§ **Description of the task**
Please reproduce, exactly and with nothing else, every line from the one containing "position = x, y, z" through the last line of the records below.

§ **Material for the task**
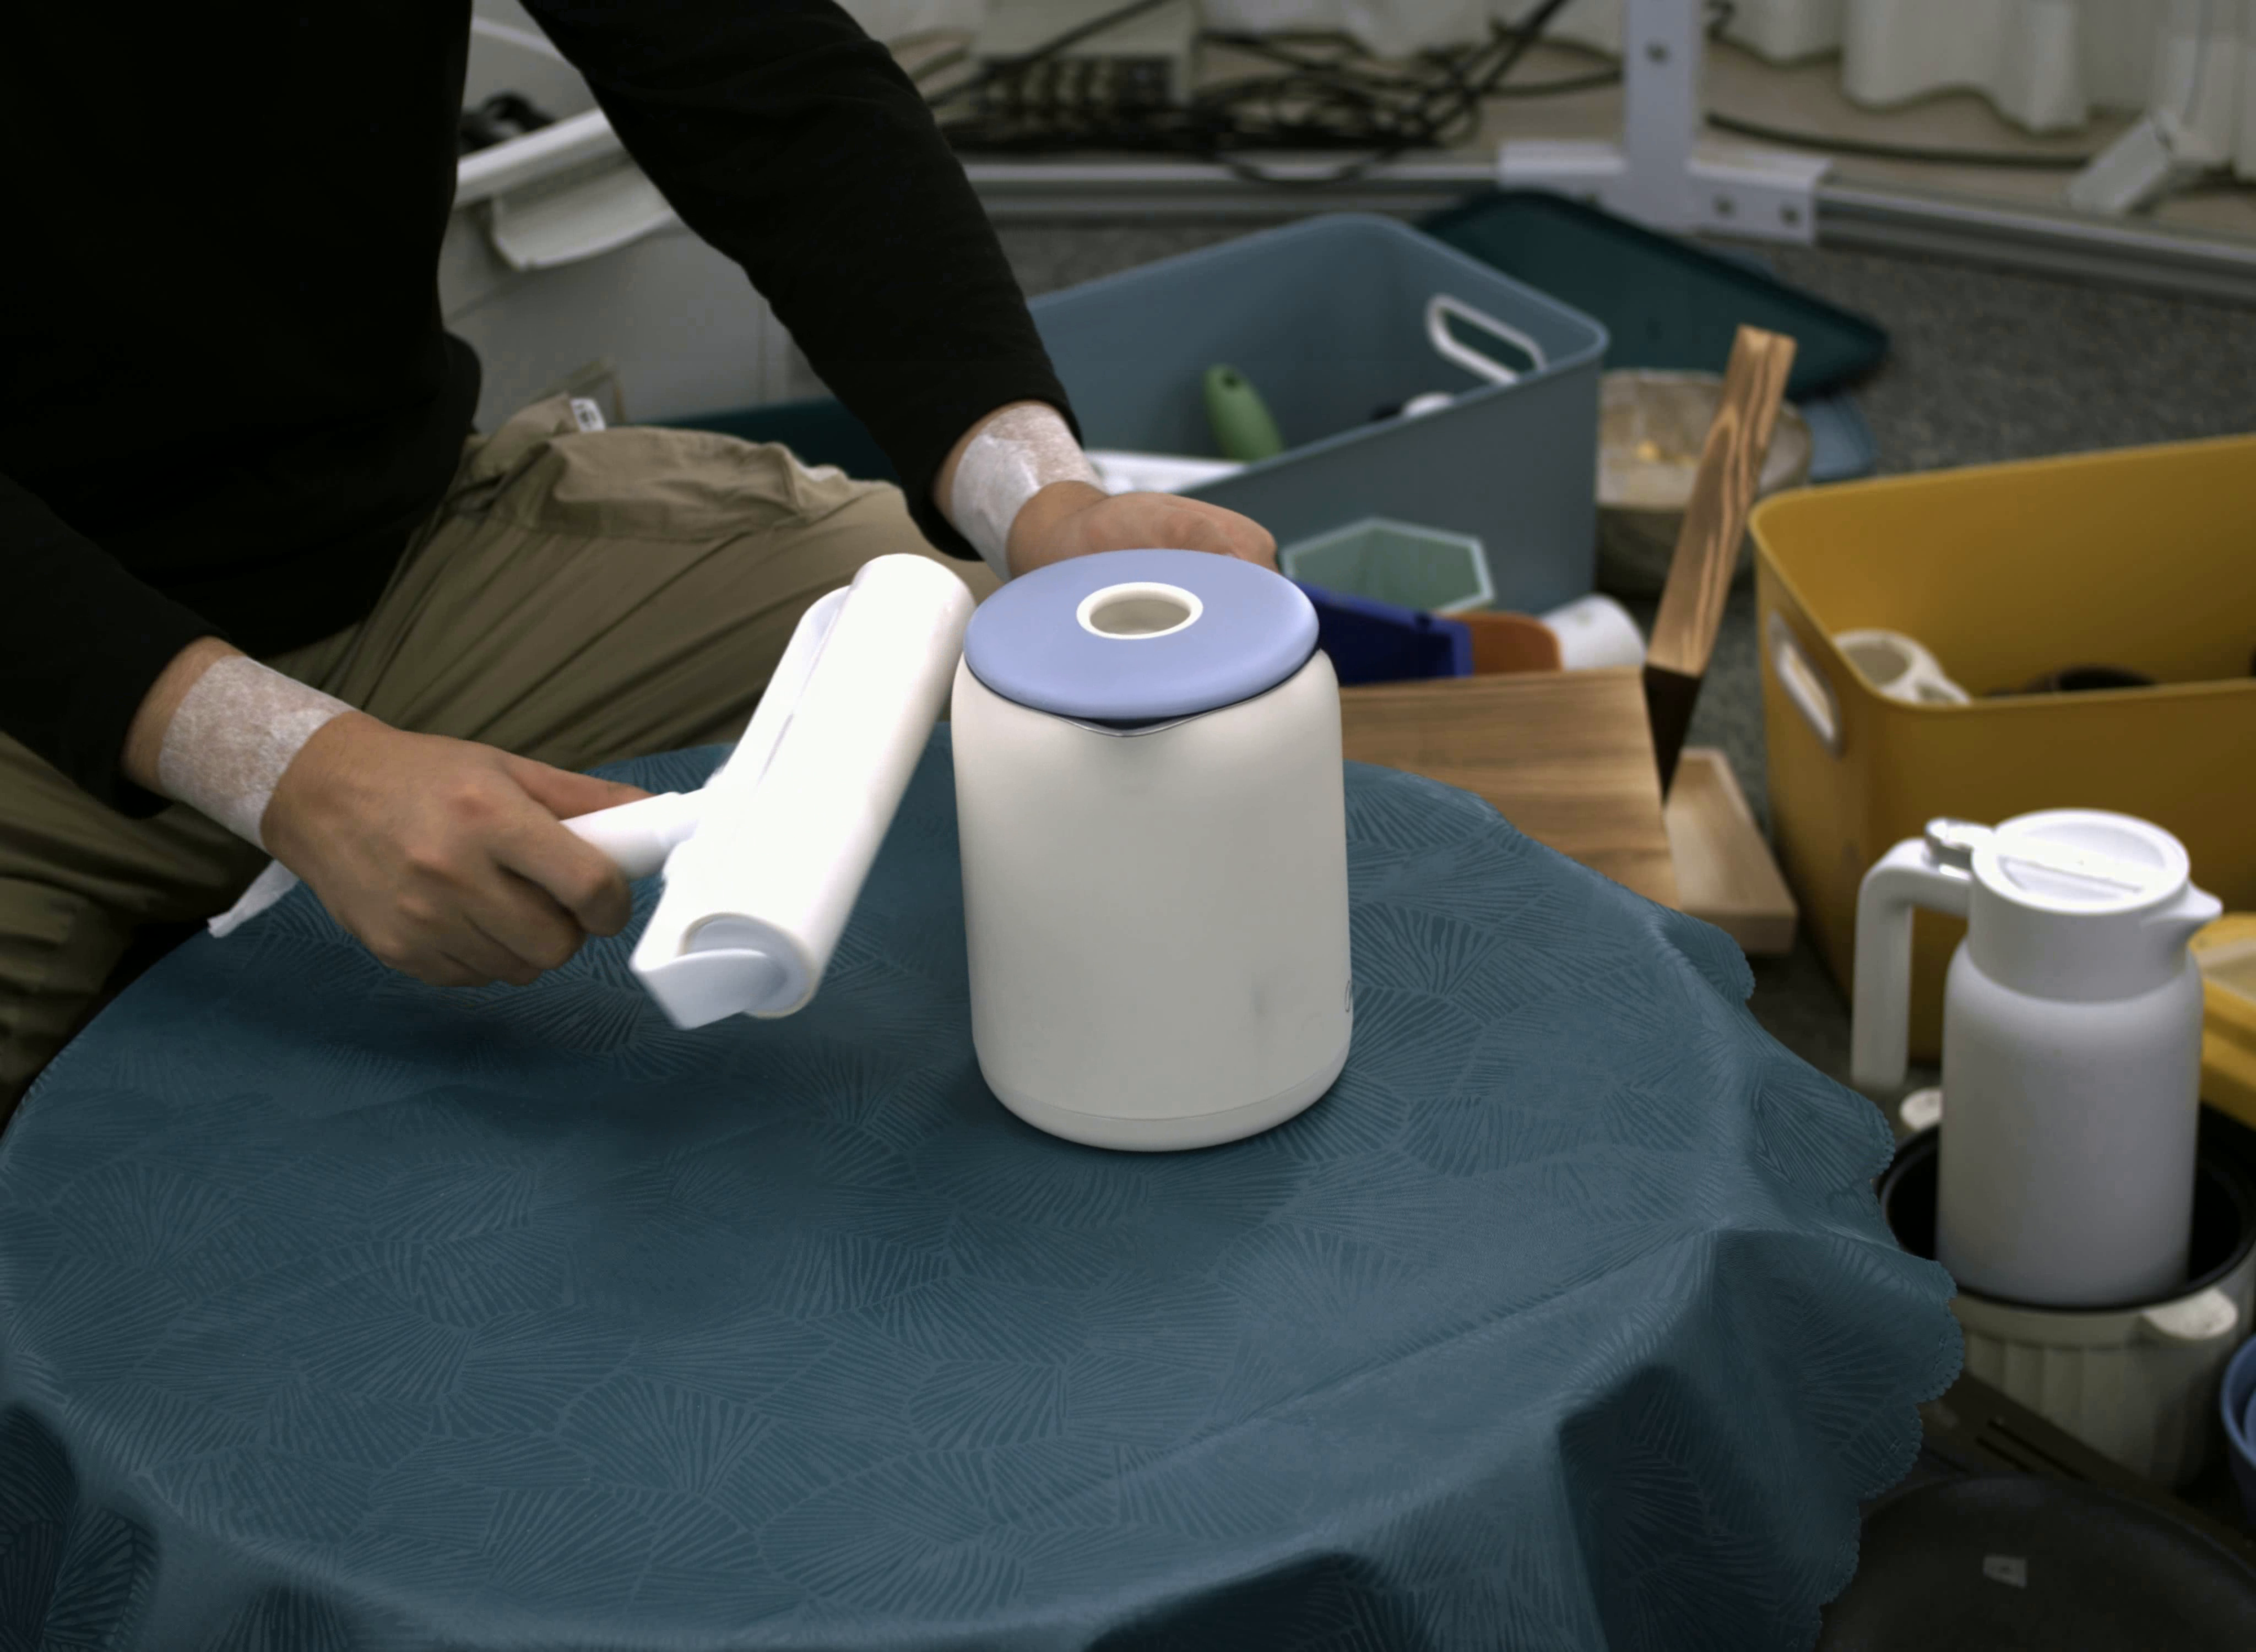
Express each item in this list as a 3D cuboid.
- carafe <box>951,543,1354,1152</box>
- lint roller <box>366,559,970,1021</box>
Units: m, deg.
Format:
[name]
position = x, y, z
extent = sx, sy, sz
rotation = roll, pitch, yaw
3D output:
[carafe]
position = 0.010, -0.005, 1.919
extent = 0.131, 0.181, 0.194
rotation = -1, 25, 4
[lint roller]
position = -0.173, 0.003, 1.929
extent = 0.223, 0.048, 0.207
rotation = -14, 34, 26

§ **Task answer**
position = x, y, z
extent = sx, sy, sz
rotation = roll, pitch, yaw
3D output:
[carafe]
position = 0.010, -0.005, 1.919
extent = 0.131, 0.181, 0.194
rotation = -1, 25, 4
[lint roller]
position = -0.173, 0.003, 1.929
extent = 0.223, 0.048, 0.207
rotation = -14, 34, 26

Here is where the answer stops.